Motivations for engaging in sexual communication with children

Some people tell us that their interaction with children was not only motivated by sex. Instead some people talk about wanting to feel understood, or enjoying the connection with the child they are speaking to.

Our experience is that people’s motivations are often about more things than simply sexual pleasure. As such, it is important to consider your motives, so that you are able to manage your behaviour more responsibly in the future.

Many of the motivations noted in the Understanding Why module will also be relevant for people who have communicated sexually with children online. Take a look and see which might have been significant for you. You might find it helpful to complete the timeline exercise, if you haven’t done so already.

Different groups

Research and practice concerning the online grooming of children is relatively new. We are therefore still learning about this behaviour, and the people who engage in it. Some researchers have suggested that people who sexually abuse children in this way fall into different groups, depending on their motives and behaviour.
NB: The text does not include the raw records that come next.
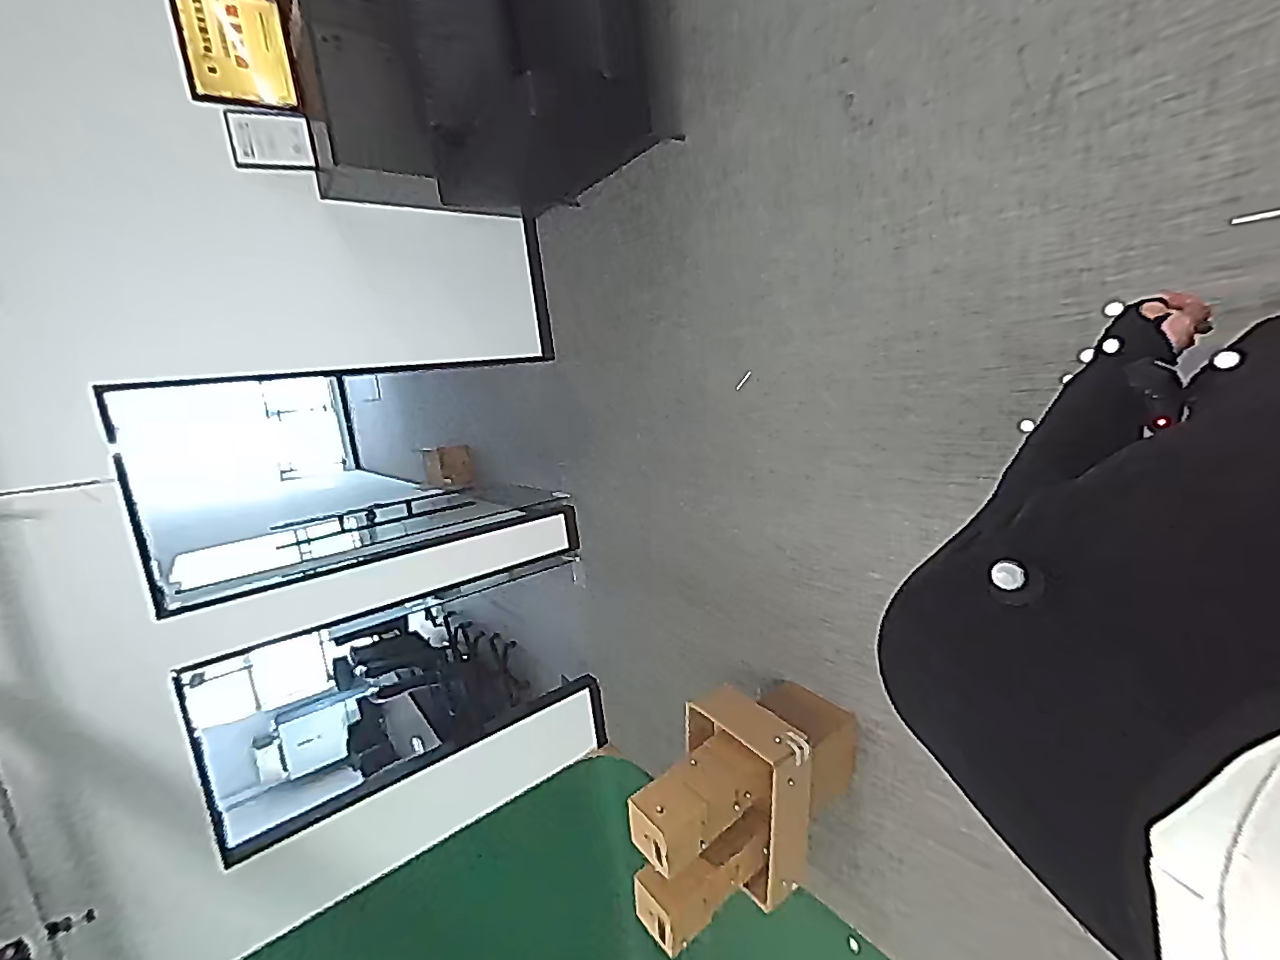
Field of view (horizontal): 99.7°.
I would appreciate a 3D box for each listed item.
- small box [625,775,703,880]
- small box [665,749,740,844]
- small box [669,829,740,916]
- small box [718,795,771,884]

The European Online Grooming Project (Webster et al., 2012) proposes three broad groups:
  • People who want to feel close to a child – ‘intimacy seeking’
  • People who adapt and change their online behaviour and profiles depending on the response of the child they are chatting to – ‘adaptable’
  • People who act in a very sexual way from the outset – ‘hypersexual’
The difference between these groups, in terms of their online behaviour, is mainly about the intensity and duration of the online communication between the adult and the child. The motivations, however, may differ.
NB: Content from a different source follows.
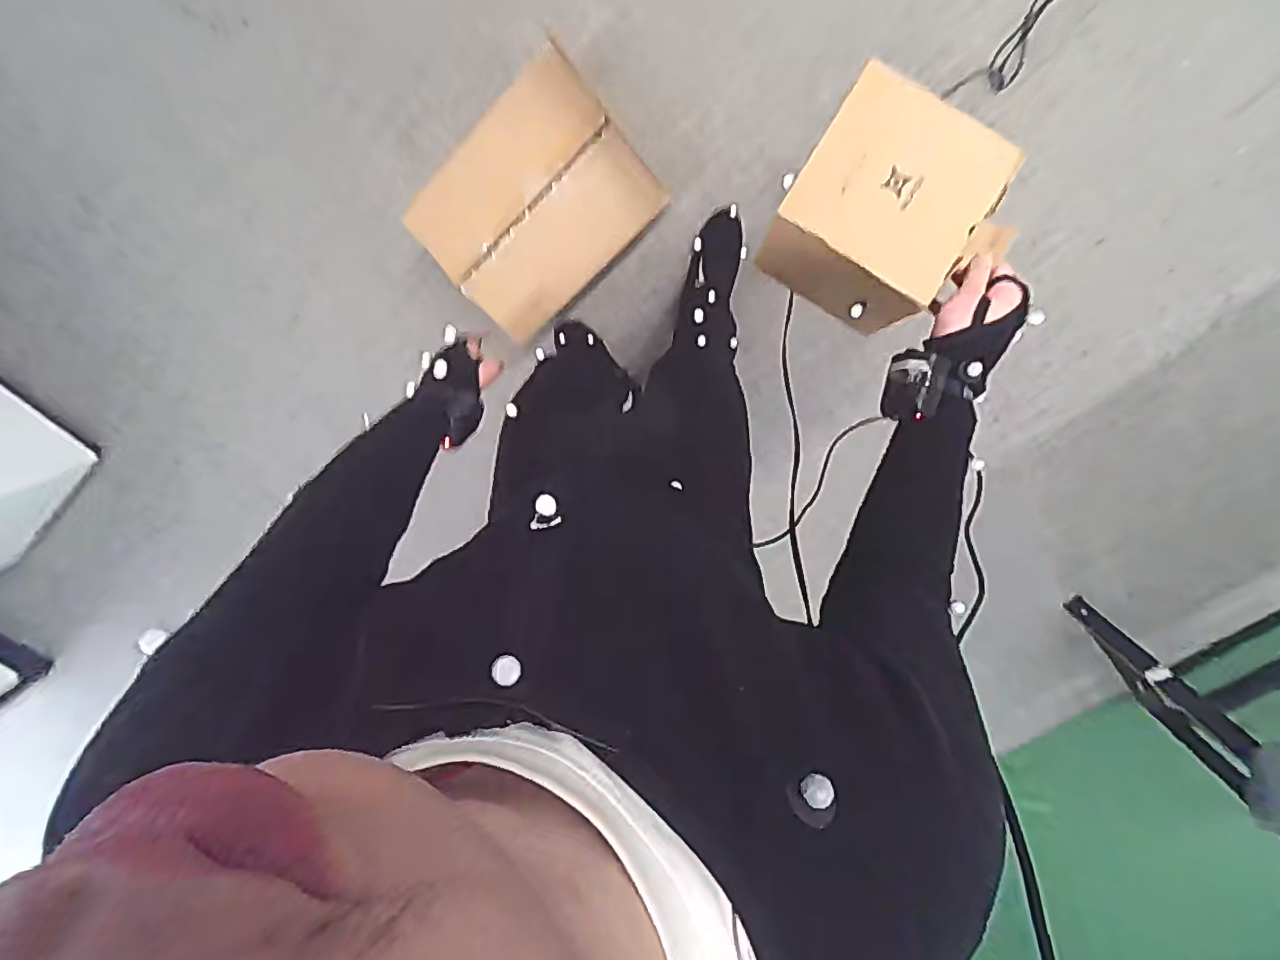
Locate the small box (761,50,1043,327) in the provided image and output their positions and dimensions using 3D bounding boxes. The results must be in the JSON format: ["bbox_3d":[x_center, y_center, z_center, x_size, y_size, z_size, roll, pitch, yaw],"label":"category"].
[{"bbox_3d":[0.256,-0.283,0.578,0.179,0.176,0.168,35,94,0],"label":"small box"}]

Exercise 1: Different approaches to children

With the above ideas about different groupings in mind, think about the following questions. Also consider if your behaviour changed over time, and why that might have been:
  • Did you think about your contact with a child or children as being consenting and intimate?
  • Were your conversations prolonged and frequent with sexual content introduced slowly?
  • Did your online conversations often lead to planning or arranging offline meetings to develop the relationship?
  • Did your online conversations lead to the sending and/or receiving of sexual images?
  • Did you see the children you spoke to as mature and sexually knowledgeable?
  • Did you change your style of communication depending on the child you spoke to, and how they responded?
  • Did you introduce sexual content very quickly i.e. within seconds or the first few minutes?
  • Did you use a false identity?
  • Did you try to develop a relationship with a particular child or children?
  • Did you use sexual chat for your immediate sexual pleasure?

What do your answers to the above questions, tell you about your motivations?

What do they say about how you viewed the child or children you chatted to?

And what was the likelihood of you meeting up with a child you had chatted to online? What stopped you?